4. Traditional: Separate Files

print("=== Separate files ===")
start = time.time()

lobe_segmask = SegmentationMask(lobe_mask, lobe_mapping, space=space)
segment_segmask = SegmentationMask(segment_mask, segment_mapping, space=space)
lesion_segmask = SegmentationMask(lesion_mask, lesion_mapping, space=space)
whole_segmask = SegmentationMask(whole_lung_mask, whole_lung_mapping, space=space)

lobe_segmask.save("lung_lobes.msk")
segment_segmask.save("lung_segments.msk")
lesion_segmask.save("lung_lesions.msk")
whole_segmask.save("whole_lung.msk")

separate_time = time.time() - start
files = ["lung_lobes.msk","lung_segments.msk","lung_lesions.msk","whole_lung.msk"]
size_total = sum(Path(f).stat().st_size for f in files)
print(f"Time: {separate_time:.3f}s, files: {len(files)}, size: {size_total/1024:.1f} KB")

5. MaskArchive

print("\n=== MaskArchive ===")
start = time.time()
archive = MaskArchive("lung_analysis.mska", mode="w", space=space)
archive.add_segmask(lobe_segmask, "lobes")
archive.add_segmask(segment_segmask, "segments")
archive.add_segmask(lesion_segmask, "lesions")
archive.add_segmask(whole_segmask, "whole_lung")
archive_time = time.time() - start
archive_size = Path("lung_analysis.mska").stat().st_size
print(f"Time: {archive_time:.3f}s, files: 1, size: {archive_size/1024:.1f} KB")
print("Masks in archive:", archive.all_names())
print("Compression ratio:", size_total/archive_size if archive_size else 'N/A')

6. Access + Integrity

reader = MaskArchive("lung_analysis.mska", mode="r")
print("Names:", reader.all_names())

loaded_lobes = reader.load_segmask("lobes")
loaded_lesions = reader.load_segmask("lesions")
print("Shapes match:", np.array_equal(lobe_mask, loaded_lobes.data))
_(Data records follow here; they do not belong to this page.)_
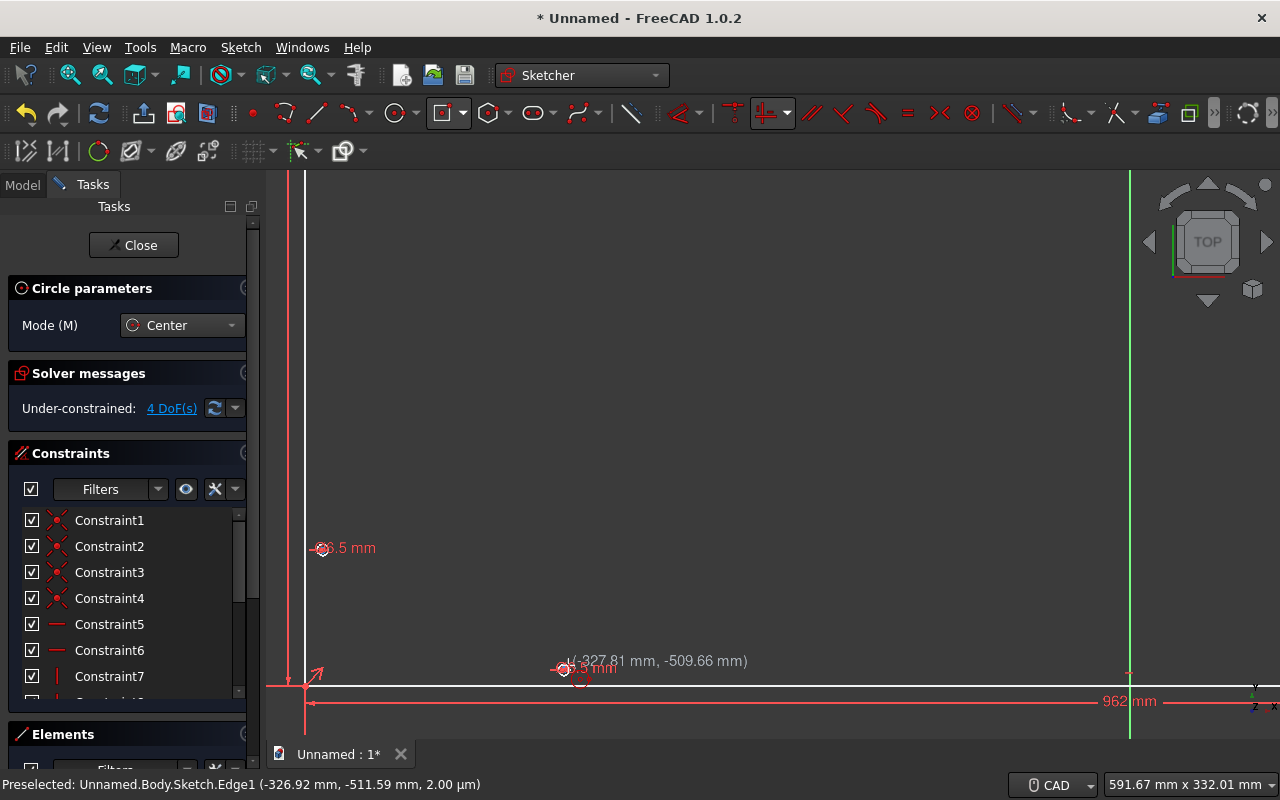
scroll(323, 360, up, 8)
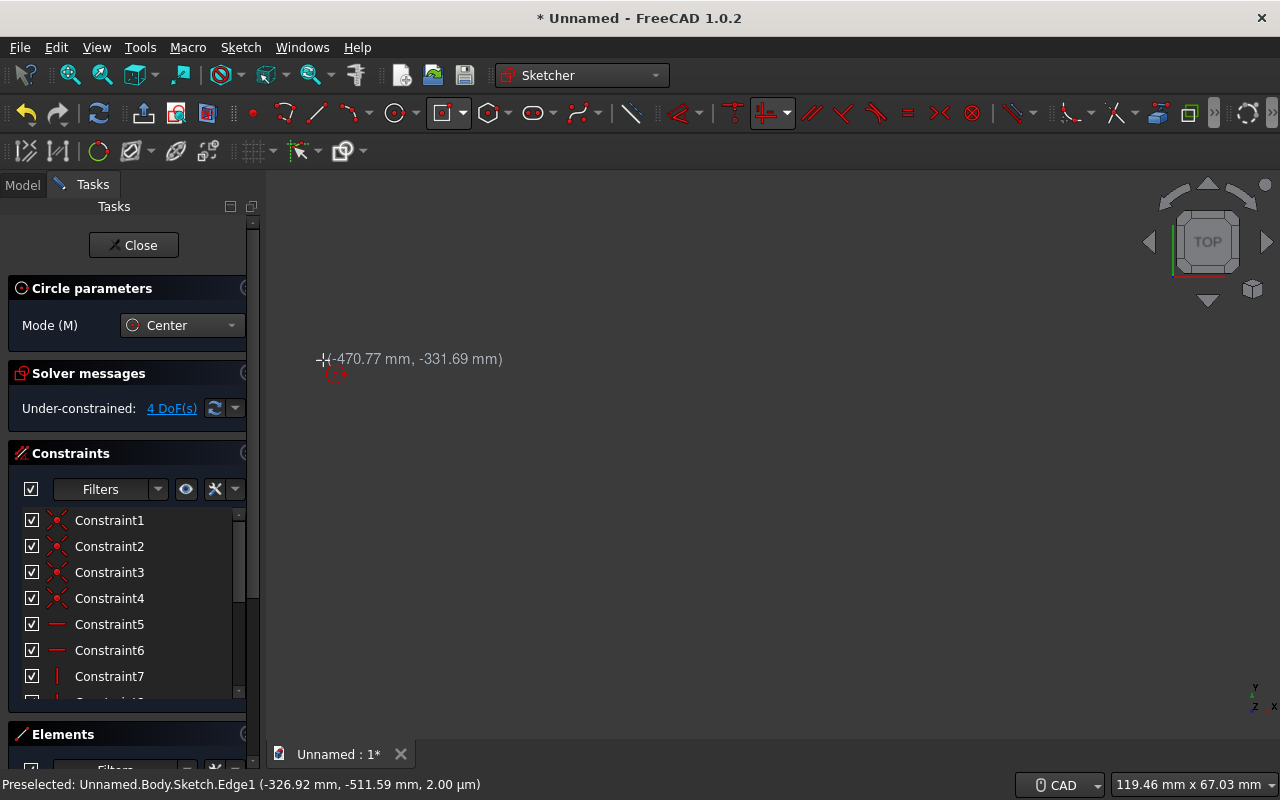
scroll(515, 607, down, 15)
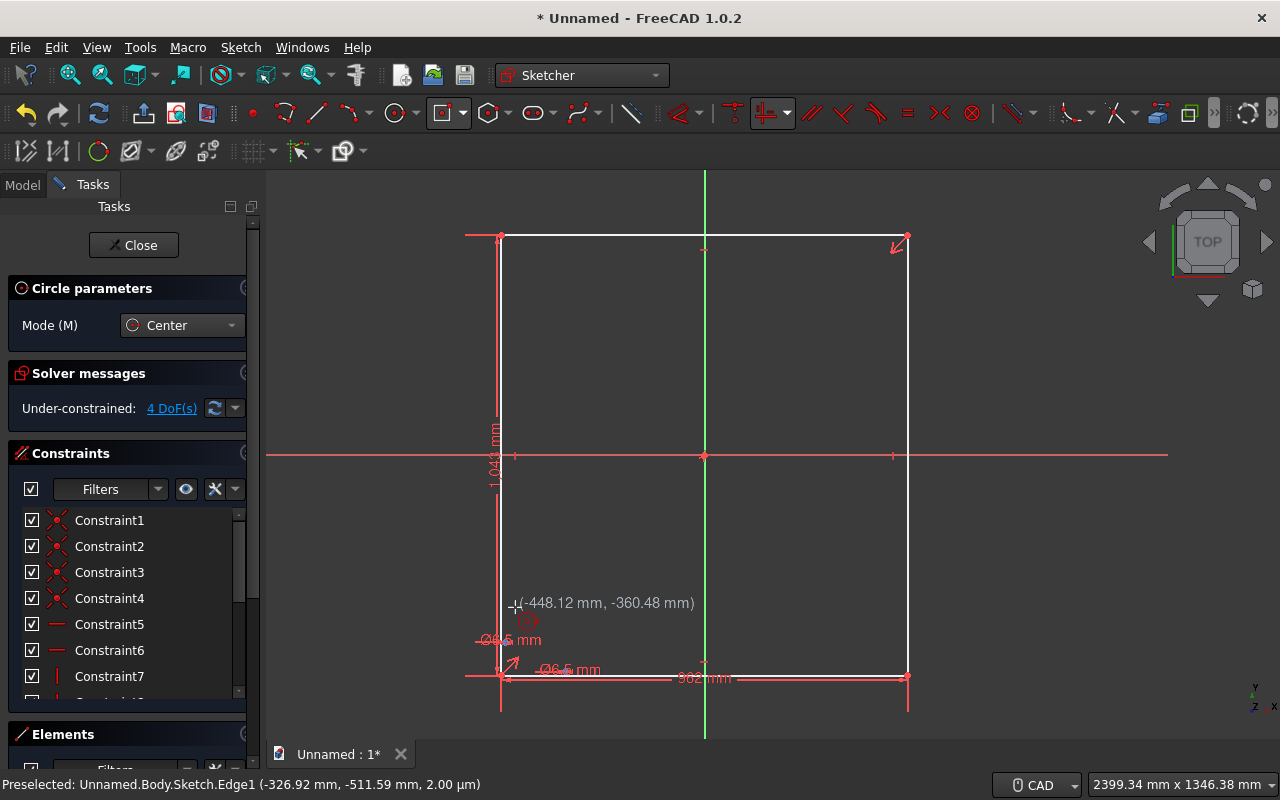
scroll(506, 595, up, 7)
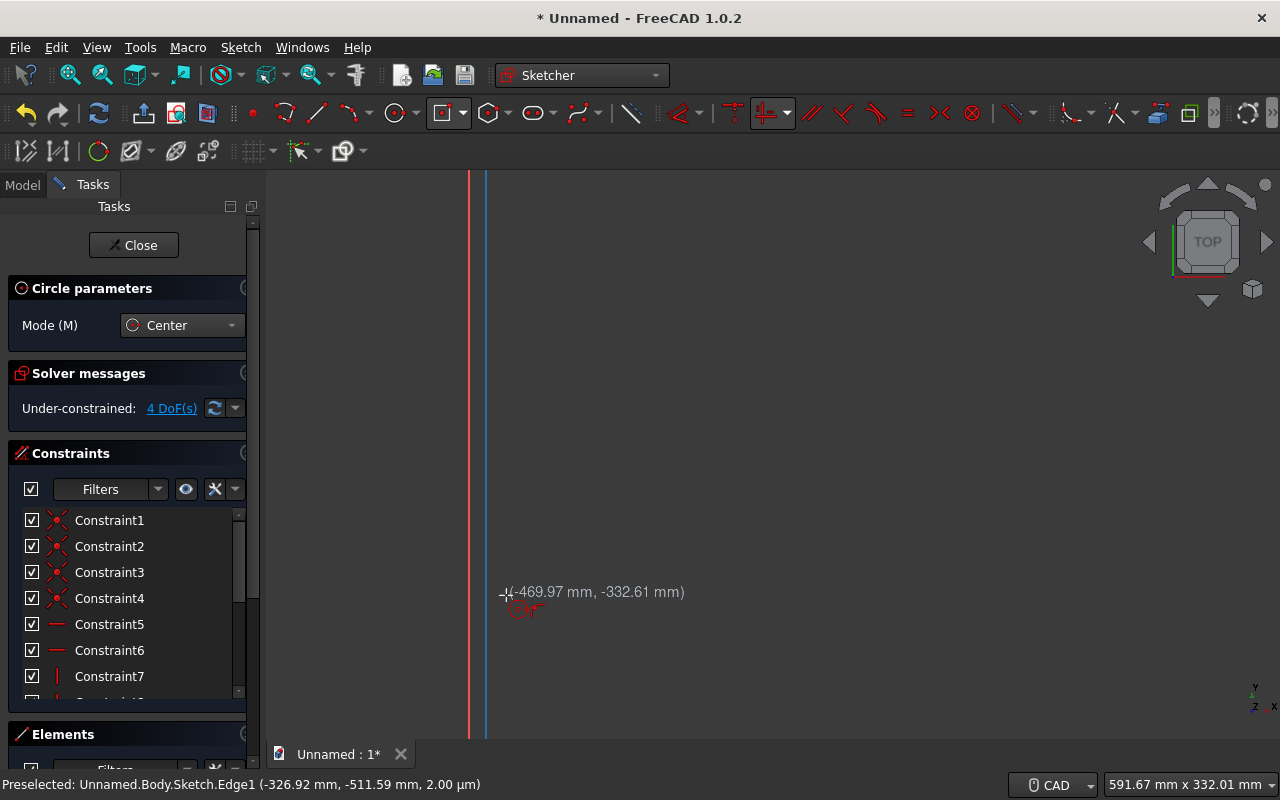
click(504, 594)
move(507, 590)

left_upper = loaded_lobes.get_binary_mask_by_names("left_upper_lobe")
nodule = loaded_lesions.get_binary_mask_by_names("nodule_1")
print("Left upper lobe voxels:", left_upper.sum())
print("Nodule 1 voxels:", nodule.sum())

Recommendations

Use MaskArchive when:

  • Many masks share identical grid (organ atlases, multi-stage annotations)
  • Need a single artifact for storage/transfer/versioning
  • Want consistent semantics via embedded mappings

Keep separate files when:

  • Masks come from differing grids/spaces
  • Legacy systems require individual formats

MaskArchive reduces file sprawl while preserving full metadata and semantics.